Алексей отошел от иконы, исполненный ожидания, словно в полутемном храме должно было с ним что-то случиться. Будто кто-то всю жизнь, с самого рожденья, вел его в этот храм, в этот призрачный дом, зыбкий, как лунная тень. В стороне от иконостаса, в свете одинокой лампады, слабо зеленели ступени. Малахитовая лестница вела вверх, «на Голгофу», как сказал священник. Восхождение на Голгофу соответствовало нисхождению вниз, в подвал. Алексей поднимался по малахитовым зеленым приступкам, но ему казалось, что он погружается вниз, откуда веет сыростью, холодной плесенью, близкой землей.

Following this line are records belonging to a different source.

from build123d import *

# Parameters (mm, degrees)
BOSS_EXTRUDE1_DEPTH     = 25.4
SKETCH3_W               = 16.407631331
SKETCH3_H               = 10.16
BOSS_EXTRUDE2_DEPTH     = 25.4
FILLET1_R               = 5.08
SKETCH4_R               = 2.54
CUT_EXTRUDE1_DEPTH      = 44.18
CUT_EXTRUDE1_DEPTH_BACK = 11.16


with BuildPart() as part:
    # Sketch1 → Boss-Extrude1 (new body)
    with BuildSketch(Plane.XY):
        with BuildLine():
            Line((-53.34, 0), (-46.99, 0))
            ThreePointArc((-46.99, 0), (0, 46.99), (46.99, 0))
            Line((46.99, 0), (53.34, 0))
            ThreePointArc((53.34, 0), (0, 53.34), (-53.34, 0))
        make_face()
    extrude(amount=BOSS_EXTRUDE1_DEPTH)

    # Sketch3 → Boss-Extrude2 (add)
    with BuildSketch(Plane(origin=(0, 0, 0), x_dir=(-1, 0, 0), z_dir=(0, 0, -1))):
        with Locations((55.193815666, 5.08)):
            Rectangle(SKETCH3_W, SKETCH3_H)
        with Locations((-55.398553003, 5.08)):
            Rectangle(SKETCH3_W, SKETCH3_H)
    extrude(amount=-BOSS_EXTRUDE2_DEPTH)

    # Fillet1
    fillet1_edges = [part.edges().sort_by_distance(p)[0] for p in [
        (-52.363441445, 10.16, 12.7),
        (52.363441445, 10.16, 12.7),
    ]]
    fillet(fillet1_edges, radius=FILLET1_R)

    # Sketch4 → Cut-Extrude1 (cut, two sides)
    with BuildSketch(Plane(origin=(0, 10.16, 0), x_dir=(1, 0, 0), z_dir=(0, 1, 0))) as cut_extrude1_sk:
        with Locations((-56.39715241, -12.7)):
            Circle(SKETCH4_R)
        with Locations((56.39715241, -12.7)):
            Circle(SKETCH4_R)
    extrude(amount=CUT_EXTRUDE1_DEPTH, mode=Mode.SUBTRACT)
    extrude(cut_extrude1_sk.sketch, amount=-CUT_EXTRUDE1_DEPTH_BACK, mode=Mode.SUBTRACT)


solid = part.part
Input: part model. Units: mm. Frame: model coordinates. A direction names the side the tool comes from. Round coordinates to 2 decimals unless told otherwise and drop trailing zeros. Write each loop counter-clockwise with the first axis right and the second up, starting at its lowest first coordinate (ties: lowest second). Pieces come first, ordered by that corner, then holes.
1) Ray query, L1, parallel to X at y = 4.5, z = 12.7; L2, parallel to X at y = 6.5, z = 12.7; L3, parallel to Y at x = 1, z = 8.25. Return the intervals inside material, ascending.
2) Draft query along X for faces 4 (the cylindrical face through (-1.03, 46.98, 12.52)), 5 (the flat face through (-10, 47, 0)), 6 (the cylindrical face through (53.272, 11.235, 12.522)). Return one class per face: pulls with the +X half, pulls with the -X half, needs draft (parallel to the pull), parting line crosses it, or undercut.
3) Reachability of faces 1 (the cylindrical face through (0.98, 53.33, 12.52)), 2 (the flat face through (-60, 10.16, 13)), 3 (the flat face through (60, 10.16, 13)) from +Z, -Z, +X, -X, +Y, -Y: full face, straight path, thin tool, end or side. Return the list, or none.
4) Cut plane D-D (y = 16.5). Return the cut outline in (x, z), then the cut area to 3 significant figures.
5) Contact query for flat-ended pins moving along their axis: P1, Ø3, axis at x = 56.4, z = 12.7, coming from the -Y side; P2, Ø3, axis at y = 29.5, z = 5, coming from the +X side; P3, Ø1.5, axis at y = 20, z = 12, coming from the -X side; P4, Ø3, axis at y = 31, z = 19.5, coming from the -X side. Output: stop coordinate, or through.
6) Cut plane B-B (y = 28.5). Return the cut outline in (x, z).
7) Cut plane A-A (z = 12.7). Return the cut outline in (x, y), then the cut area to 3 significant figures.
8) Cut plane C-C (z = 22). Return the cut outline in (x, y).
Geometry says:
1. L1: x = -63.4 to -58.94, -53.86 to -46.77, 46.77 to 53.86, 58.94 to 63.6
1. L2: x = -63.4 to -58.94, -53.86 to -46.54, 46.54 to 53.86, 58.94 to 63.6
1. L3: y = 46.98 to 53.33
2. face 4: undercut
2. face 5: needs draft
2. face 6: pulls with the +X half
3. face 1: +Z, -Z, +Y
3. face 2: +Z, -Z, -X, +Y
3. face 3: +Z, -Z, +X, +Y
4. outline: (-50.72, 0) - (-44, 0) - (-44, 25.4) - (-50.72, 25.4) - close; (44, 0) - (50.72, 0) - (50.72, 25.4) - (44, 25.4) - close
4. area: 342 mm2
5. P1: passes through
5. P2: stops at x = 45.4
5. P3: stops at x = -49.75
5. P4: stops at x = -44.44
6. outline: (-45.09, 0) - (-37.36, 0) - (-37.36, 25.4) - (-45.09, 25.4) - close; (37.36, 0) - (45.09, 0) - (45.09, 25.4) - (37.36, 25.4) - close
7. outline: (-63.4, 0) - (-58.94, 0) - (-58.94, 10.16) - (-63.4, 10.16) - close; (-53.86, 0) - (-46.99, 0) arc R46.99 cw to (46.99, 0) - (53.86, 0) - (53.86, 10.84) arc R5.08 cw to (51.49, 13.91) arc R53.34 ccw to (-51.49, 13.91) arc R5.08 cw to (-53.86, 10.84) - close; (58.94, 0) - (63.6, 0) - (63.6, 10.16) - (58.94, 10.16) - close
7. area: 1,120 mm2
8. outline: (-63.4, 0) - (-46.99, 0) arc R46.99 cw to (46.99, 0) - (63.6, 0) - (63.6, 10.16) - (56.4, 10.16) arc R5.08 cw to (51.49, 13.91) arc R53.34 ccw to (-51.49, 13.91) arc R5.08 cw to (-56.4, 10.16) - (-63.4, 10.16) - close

Их привели в подвал, где прежде они никогда не бывали. Низкая комната была оклеена сырыми полосатыми обоями. На тумбочке горели две керосиновые лампы, и потолок над ними казался красным. Посреди комнаты стоял плетеный венский стул с поломанной спинкой. «Садись сюда», — сказал царь сыну, усаживая его и опуская руки на его худые острые плечи. «Почему такая экстренность? Почему среди ночи?» — удивлялась царица, заспанная, недовольная, накинув поверх платья теплую шаль. «Но они же сказали, мама, что в целях нашего благополучия. Ожидается какой-то налет». «Просто нас мучают, вот и все», — сердито отозвалась Ольга, поправляя рассыпающиеся волосы, машинально поводя глазами в поисках зеркала. «У меня голова болит», — тихо пожаловался царевич. «Ничего, мой хороший. Сейчас вернемся, ляжешь в постель, я тебе дам микстурки», — погладила его по голове царица. А у него, царя, такая к ним нежность, любовь, желание раскинуть над ними спасительный покров, накрыть большими пышными крыльями, как это делает пугливая птица, заслоняя своих птенцов. В дверях показался высокий, затянутый в черную кожу человек, плечистый, чернобородый, с горящими, почти без белков, глазами. Складки кожанки хрустели, освещенные лампами, отливали красноватым глянцем. Колечки бороды, черно-синие, были как у вавилонских царей. Он сунул руку в карман, извлек кусочек бумаги. Сочным страстным голосом стал читать: «Именем Исполкома Уралоблсовета…» «Что, что?» — переспросил царь. И пока спрашивал, из-за спины человека выскакивали другие люди, выхватывали револьверы и начинали стрелять, наполняя сумерки комнаты белыми вспышками, пламенеющим грохотом, букетами серого дыма. И последнее, что видел царь, — поднятое к нему, изумленное, с возведенными бровями лицо сына, на хрупкой шее набухшая голубая жилка, и два толчка в грудь, в самое сердце погасили свет керосиновых ламп и близкое сыновнее лицо.